*** Exercise input Section Begins ***

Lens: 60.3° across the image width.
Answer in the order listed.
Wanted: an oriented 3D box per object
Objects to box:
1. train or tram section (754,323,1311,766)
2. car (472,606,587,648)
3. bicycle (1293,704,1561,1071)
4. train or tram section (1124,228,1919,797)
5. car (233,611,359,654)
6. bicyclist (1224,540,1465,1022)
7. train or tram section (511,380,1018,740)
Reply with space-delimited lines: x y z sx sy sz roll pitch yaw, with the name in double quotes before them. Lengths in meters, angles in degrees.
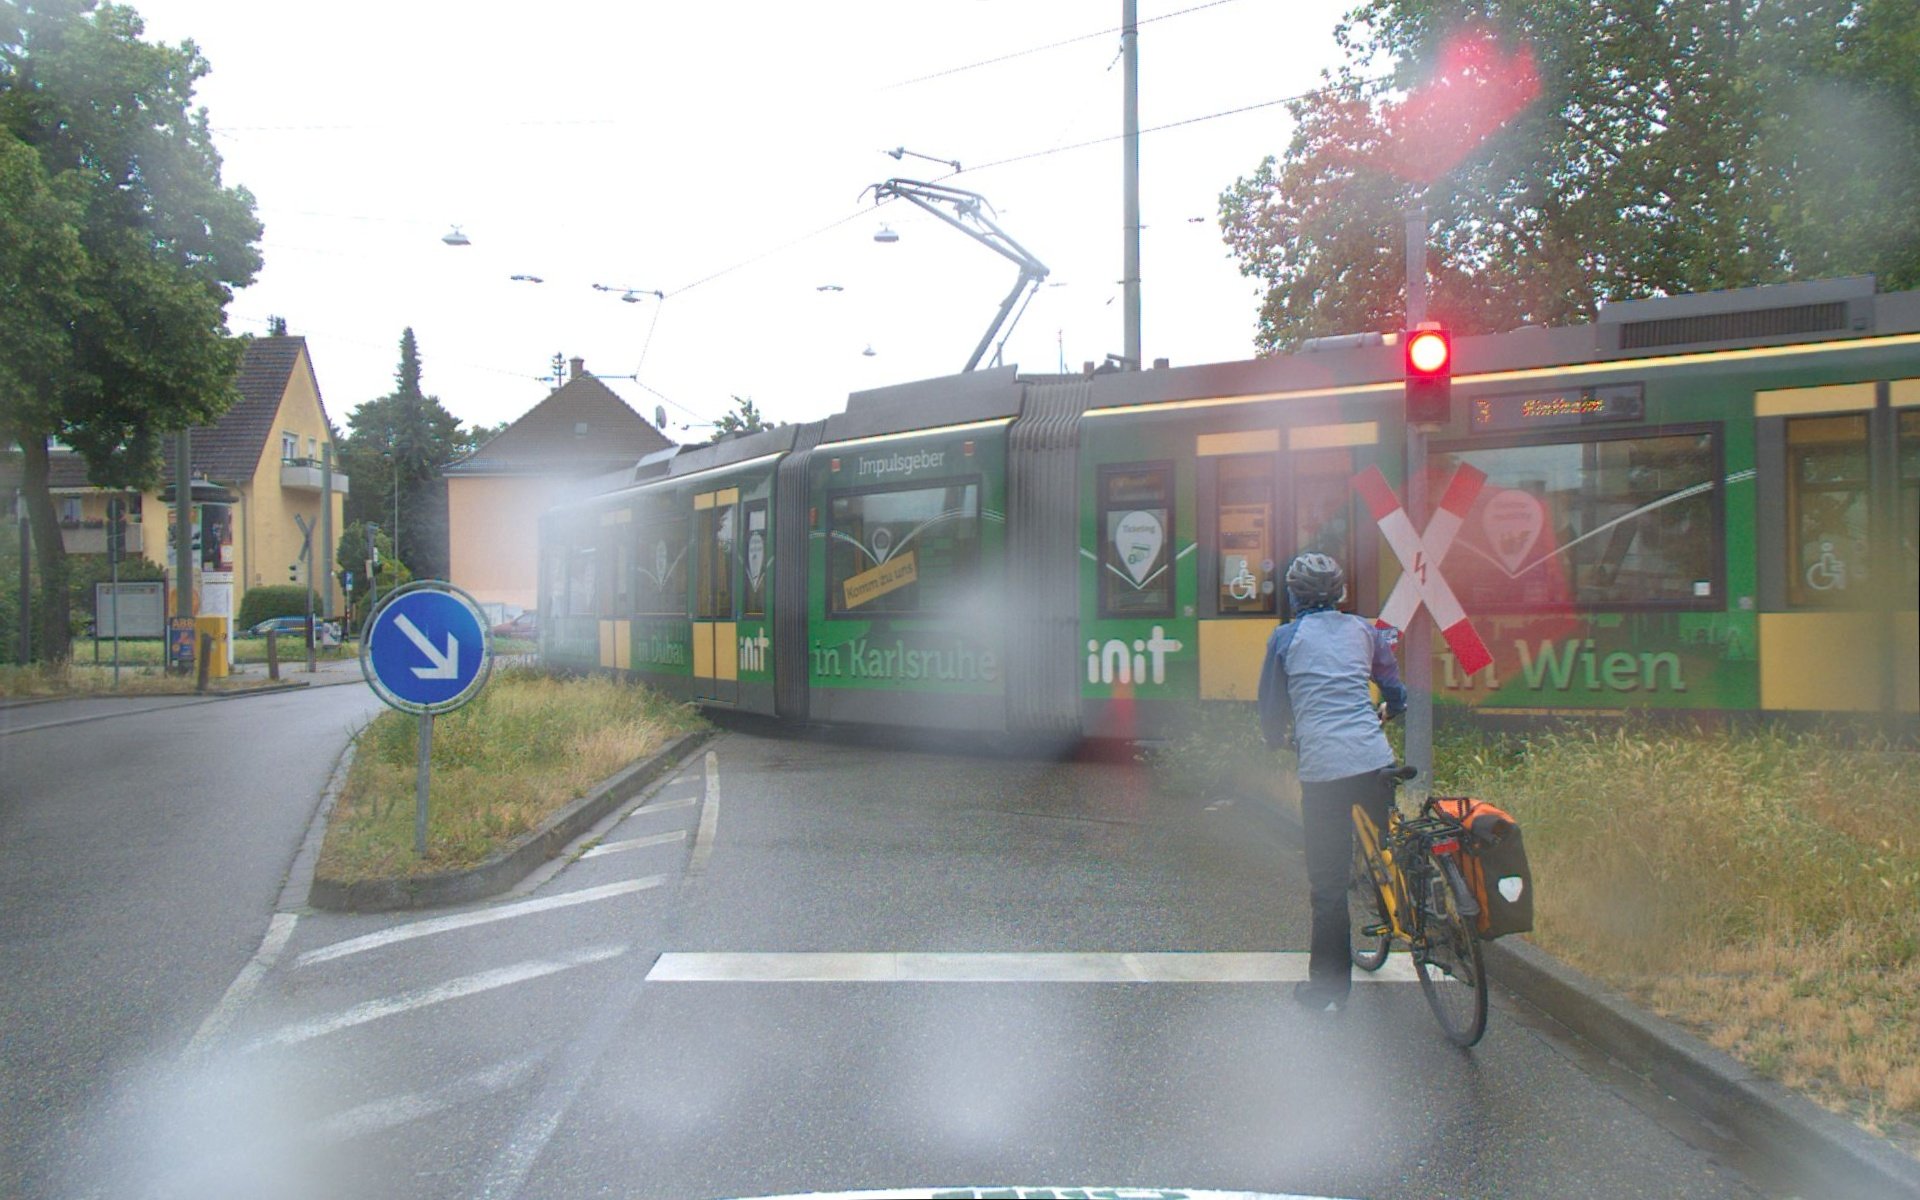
"train or tram section" 0.581 -0.441 16.260 2.749 3.615 4.906 -1 0 -44
"car" -16.184 1.015 62.335 3.911 1.482 1.831 1 0 -7
"bicycle" 1.648 0.961 6.080 0.437 1.022 1.727 -1 1 -2
"train or tram section" 7.097 -0.575 11.512 11.949 3.615 2.761 -1 0 34
"car" -24.439 1.198 60.964 3.911 1.482 1.831 1 0 -7
"bicyclist" 1.398 0.628 6.138 0.653 1.654 0.852 1 -1 -2
"train or tram section" -3.518 -0.367 23.056 2.728 3.615 13.017 -1 0 -27

*** Exercise input Section Ends ***

- _What you should do_
Which lines run from the one containing "2. car (472,606,587,648)" to the end of the data above? Set down those lines exactly, and only those, without any pictures.

- _Worked solution_
2. car (472,606,587,648)
3. bicycle (1293,704,1561,1071)
4. train or tram section (1124,228,1919,797)
5. car (233,611,359,654)
6. bicyclist (1224,540,1465,1022)
7. train or tram section (511,380,1018,740)
Reply with space-delimited lines: x y z sx sy sz roll pitch yaw, with the name in double quotes before them. Lengths in meters, angles in degrees.
"train or tram section" 0.581 -0.441 16.260 2.749 3.615 4.906 -1 0 -44
"car" -16.184 1.015 62.335 3.911 1.482 1.831 1 0 -7
"bicycle" 1.648 0.961 6.080 0.437 1.022 1.727 -1 1 -2
"train or tram section" 7.097 -0.575 11.512 11.949 3.615 2.761 -1 0 34
"car" -24.439 1.198 60.964 3.911 1.482 1.831 1 0 -7
"bicyclist" 1.398 0.628 6.138 0.653 1.654 0.852 1 -1 -2
"train or tram section" -3.518 -0.367 23.056 2.728 3.615 13.017 -1 0 -27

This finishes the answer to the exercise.